Exact reproduction of every record is required, and pictures are to be excluded.

=====

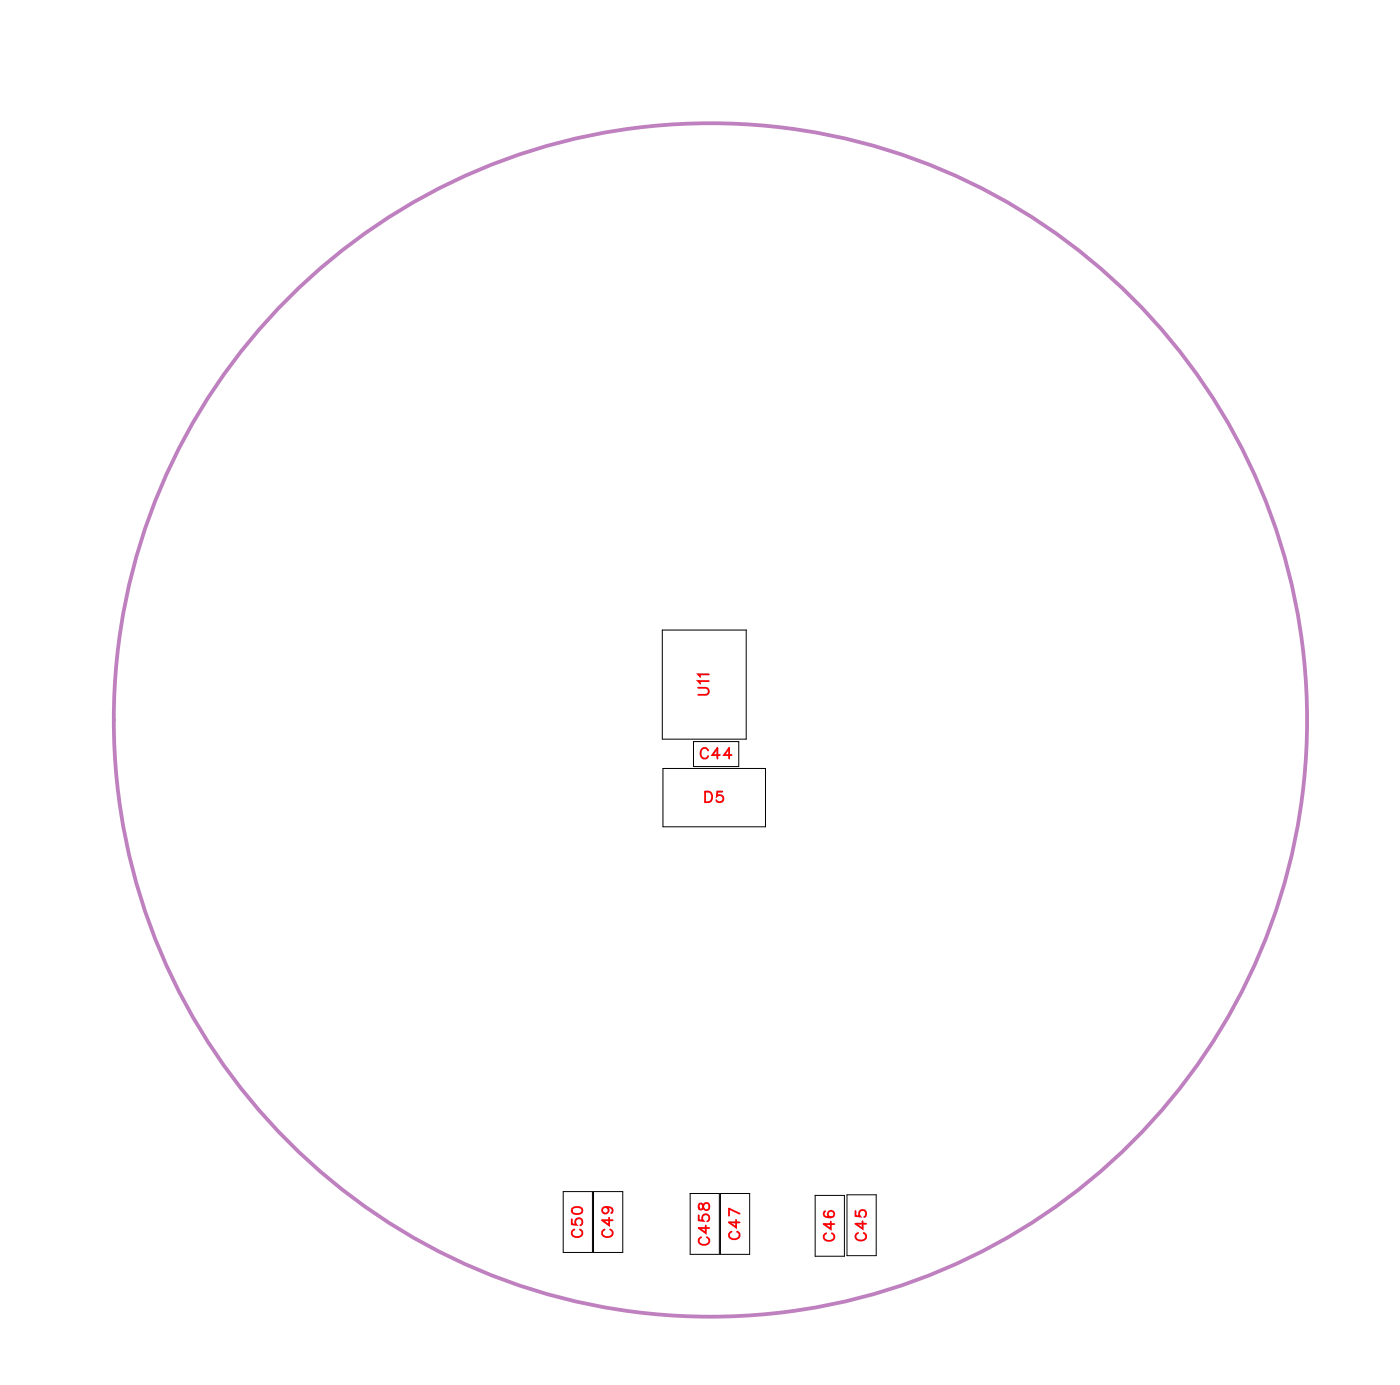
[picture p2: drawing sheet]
<svg xmlns="http://www.w3.org/2000/svg" width="94mm" height="93mm" viewBox="0 0 94 93" stroke-linecap="round" stroke-linejoin="round" font-family="sans-serif">
<defs><g id="words">
<g font-size="1.2" fill="#fff">
<text x="47.8" y="46.6" transform="rotate(-90 47.8 46.6)">U11</text>
<text x="46.9" y="51.1">C44</text>
<text x="47.2" y="54.1">D5</text>
<text x="39.3" y="83" transform="rotate(-90 39.3 83)">C50</text>
<text x="41.4" y="83" transform="rotate(-90 41.4 83)">C49</text>
<text x="47.8" y="83.5" transform="rotate(-90 47.8 83.5)">C458</text>
<text x="49.9" y="83.1" transform="rotate(-90 49.9 83.1)">C47</text>
<text x="56.2" y="83.2" transform="rotate(-90 56.2 83.2)">C46</text>
<text x="58.4" y="83.2" transform="rotate(-90 58.4 83.2)">C45</text>
</g>
</g></defs>
<circle cx="47.6" cy="48.3" r="40" fill="none" stroke="#bf80bf" stroke-width=".25"/>
<path d="M44.4 42.2h5.6v7.3h-5.6zM44.4 51.5h6.9v3.9h-6.9zM46.5 49.7h3v1.7h-3zM37.8 79.9h1.9v4.1h-1.9zM39.8 79.9h1.9v4.1h-1.9zM46.3 80h1.9v4.1h-1.9zM48.3 80h2v4.1h-2zM54.6 80.1h2v4.1h-2zM56.8 80.1h1.9v4.1h-1.9z" fill="none" stroke="#000" stroke-width=".07"/>
<g fill="none" stroke="#f00" stroke-width=".12">
<path d="M46.8 46.1h.5l.2 .2-.1 .2-.6 .1M47.3 53.1h.2a.38 .38 0 0 1 .3 .3 .38 .38 0 0 1-.3 .4h-.2zM47.5 50.3a.26 .26 0 0 0-.3-.2 .26 .26 0 0 0-.2 .3v.2a.26 .26 0 0 0 .2 .3 .26 .26 0 0 0 .3-.2M47.5 45.7h-.7l.1 .1M47.5 45.2h-.7l.1 .2M48.3 50.6h-.5l.3-.5v.7M48.4 53.1h-.3v.3a.25 .25 0 0 1 .3 0 .25 .25 0 0 1 0 .3 .25 .25 0 0 1-.4-.1M49 50.6h-.5l.4-.5v.7M38.3 81.7v.4h.3a.25 .25 0 0 1 0-.4 .25 .25 0 0 1 .4 .1 .25 .25 0 0 1-.1 .3M38.4 81l.2-.1a.3 .3 0 0 1 .4 .3 .38 .38 0 0 1-.3 .2 .38 .38 0 0 1-.4-.3zM38.5 82.4a.26 .26 0 0 0-.2 .3 .26 .26 0 0 0 .3 .2h.2a.26 .26 0 0 0 .2-.2 .26 .26 0 0 0-.1-.3M40.5 82.4a.26 .26 0 0 0-.1 .3 .26 .26 0 0 0 .2 .2h.2a.26 .26 0 0 0 .3-.2 .26 .26 0 0 0-.2-.3"/>
<path d="M40.6 80.9a.22 .22 0 0 1 .2 .3 .22 .22 0 0 1-.4 .1 .22 .22 0 0 1 .1-.4h.1a.34 .34 0 0 1 .5 .3l-.1 .1M40.8 81.6v.5l-.4-.3h.7M46.8 81.5v.3h.3a.25 .25 0 0 1 0-.3 .25 .25 0 0 1 .4 0 .25 .25 0 0 1-.1 .4M46.9 80.7v.3l.1 .1 .3-.5a.24 .24 0 0 1 .3 .3 .24 .24 0 0 1-.3 .2l-.1-.1-.1-.3zM47 82.9a.26 .26 0 0 0-.2 .3 .26 .26 0 0 0 .3 .2h.2a.26 .26 0 0 0 .3-.2 .26 .26 0 0 0-.2-.3M47.3 82.2v.5l-.5-.4h.7M49 82.6a.26 .26 0 0 0-.1 .3 .26 .26 0 0 0 .2 .2h.2a.26 .26 0 0 0 .3-.2 .26 .26 0 0 0-.2-.3M49.3 81.8v.5l-.4-.4h.7M49.6 81.4l-.7-.4v.5M55.3 81.2a.35 .35 0 0 0 .2 .5 .35 .35 0 0 0 .4-.3 .22 .22 0 0 0-.2-.2 .22 .22 0 0 0-.2 .2 .22 .22 0 0 0 .2 .2M55.4 82.7a.26 .26 0 0 0-.2 .3 .26 .26 0 0 0 .3 .2h.2a.26 .26 0 0 0 .2-.2 .26 .26 0 0 0-.1-.3M55.7 81.9v.5l-.5-.3h.7"/>
<path d="M57.4 81.2v.3h.3a.25 .25 0 0 1 0-.3 .25 .25 0 0 1 .3 0 .25 .25 0 0 1-.1 .4M57.5 82.6a.26 .26 0 0 0-.1 .3 .26 .26 0 0 0 .2 .3h.2a.26 .26 0 0 0 .3-.3 .26 .26 0 0 0-.2-.3M57.8 81.9v.5l-.4-.4h.7"/>
</g>
<use href="#words"/>
</svg>

=====

ANSWER SPACE:
[picture p2: drawing sheet]
<svg xmlns="http://www.w3.org/2000/svg" width="94mm" height="93mm" viewBox="0 0 94 93" stroke-linecap="round" stroke-linejoin="round" font-family="sans-serif">
<defs><g id="words">
<g font-size="1.2" fill="#fff">
<text x="47.8" y="46.6" transform="rotate(-90 47.8 46.6)">U11</text>
<text x="46.9" y="51.1">C44</text>
<text x="47.2" y="54.1">D5</text>
<text x="39.3" y="83" transform="rotate(-90 39.3 83)">C50</text>
<text x="41.4" y="83" transform="rotate(-90 41.4 83)">C49</text>
<text x="47.8" y="83.5" transform="rotate(-90 47.8 83.5)">C458</text>
<text x="49.9" y="83.1" transform="rotate(-90 49.9 83.1)">C47</text>
<text x="56.2" y="83.2" transform="rotate(-90 56.2 83.2)">C46</text>
<text x="58.4" y="83.2" transform="rotate(-90 58.4 83.2)">C45</text>
</g>
</g></defs>
<circle cx="47.6" cy="48.3" r="40" fill="none" stroke="#bf80bf" stroke-width=".25"/>
<path d="M44.4 42.2h5.6v7.3h-5.6zM44.4 51.5h6.9v3.9h-6.9zM46.5 49.7h3v1.7h-3zM37.8 79.9h1.9v4.1h-1.9zM39.8 79.9h1.9v4.1h-1.9zM46.3 80h1.9v4.1h-1.9zM48.3 80h2v4.1h-2zM54.6 80.1h2v4.1h-2zM56.8 80.1h1.9v4.1h-1.9z" fill="none" stroke="#000" stroke-width=".07"/>
<g fill="none" stroke="#f00" stroke-width=".12">
<path d="M46.8 46.1h.5l.2 .2-.1 .2-.6 .1M47.3 53.1h.2a.38 .38 0 0 1 .3 .3 .38 .38 0 0 1-.3 .4h-.2zM47.5 50.3a.26 .26 0 0 0-.3-.2 .26 .26 0 0 0-.2 .3v.2a.26 .26 0 0 0 .2 .3 .26 .26 0 0 0 .3-.2M47.5 45.7h-.7l.1 .1M47.5 45.2h-.7l.1 .2M48.3 50.6h-.5l.3-.5v.7M48.4 53.1h-.3v.3a.25 .25 0 0 1 .3 0 .25 .25 0 0 1 0 .3 .25 .25 0 0 1-.4-.1M49 50.6h-.5l.4-.5v.7M38.3 81.7v.4h.3a.25 .25 0 0 1 0-.4 .25 .25 0 0 1 .4 .1 .25 .25 0 0 1-.1 .3M38.4 81l.2-.1a.3 .3 0 0 1 .4 .3 .38 .38 0 0 1-.3 .2 .38 .38 0 0 1-.4-.3zM38.5 82.4a.26 .26 0 0 0-.2 .3 .26 .26 0 0 0 .3 .2h.2a.26 .26 0 0 0 .2-.2 .26 .26 0 0 0-.1-.3M40.5 82.4a.26 .26 0 0 0-.1 .3 .26 .26 0 0 0 .2 .2h.2a.26 .26 0 0 0 .3-.2 .26 .26 0 0 0-.2-.3"/>
<path d="M40.6 80.9a.22 .22 0 0 1 .2 .3 .22 .22 0 0 1-.4 .1 .22 .22 0 0 1 .1-.4h.1a.34 .34 0 0 1 .5 .3l-.1 .1M40.8 81.6v.5l-.4-.3h.7M46.8 81.5v.3h.3a.25 .25 0 0 1 0-.3 .25 .25 0 0 1 .4 0 .25 .25 0 0 1-.1 .4M46.9 80.7v.3l.1 .1 .3-.5a.24 .24 0 0 1 .3 .3 .24 .24 0 0 1-.3 .2l-.1-.1-.1-.3zM47 82.9a.26 .26 0 0 0-.2 .3 .26 .26 0 0 0 .3 .2h.2a.26 .26 0 0 0 .3-.2 .26 .26 0 0 0-.2-.3M47.3 82.2v.5l-.5-.4h.7M49 82.6a.26 .26 0 0 0-.1 .3 .26 .26 0 0 0 .2 .2h.2a.26 .26 0 0 0 .3-.2 .26 .26 0 0 0-.2-.3M49.3 81.8v.5l-.4-.4h.7M49.6 81.4l-.7-.4v.5M55.3 81.2a.35 .35 0 0 0 .2 .5 .35 .35 0 0 0 .4-.3 .22 .22 0 0 0-.2-.2 .22 .22 0 0 0-.2 .2 .22 .22 0 0 0 .2 .2M55.4 82.7a.26 .26 0 0 0-.2 .3 .26 .26 0 0 0 .3 .2h.2a.26 .26 0 0 0 .2-.2 .26 .26 0 0 0-.1-.3M55.7 81.9v.5l-.5-.3h.7"/>
<path d="M57.4 81.2v.3h.3a.25 .25 0 0 1 0-.3 .25 .25 0 0 1 .3 0 .25 .25 0 0 1-.1 .4M57.5 82.6a.26 .26 0 0 0-.1 .3 .26 .26 0 0 0 .2 .3h.2a.26 .26 0 0 0 .3-.3 .26 .26 0 0 0-.2-.3M57.8 81.9v.5l-.4-.4h.7"/>
</g>
<use href="#words"/>
</svg>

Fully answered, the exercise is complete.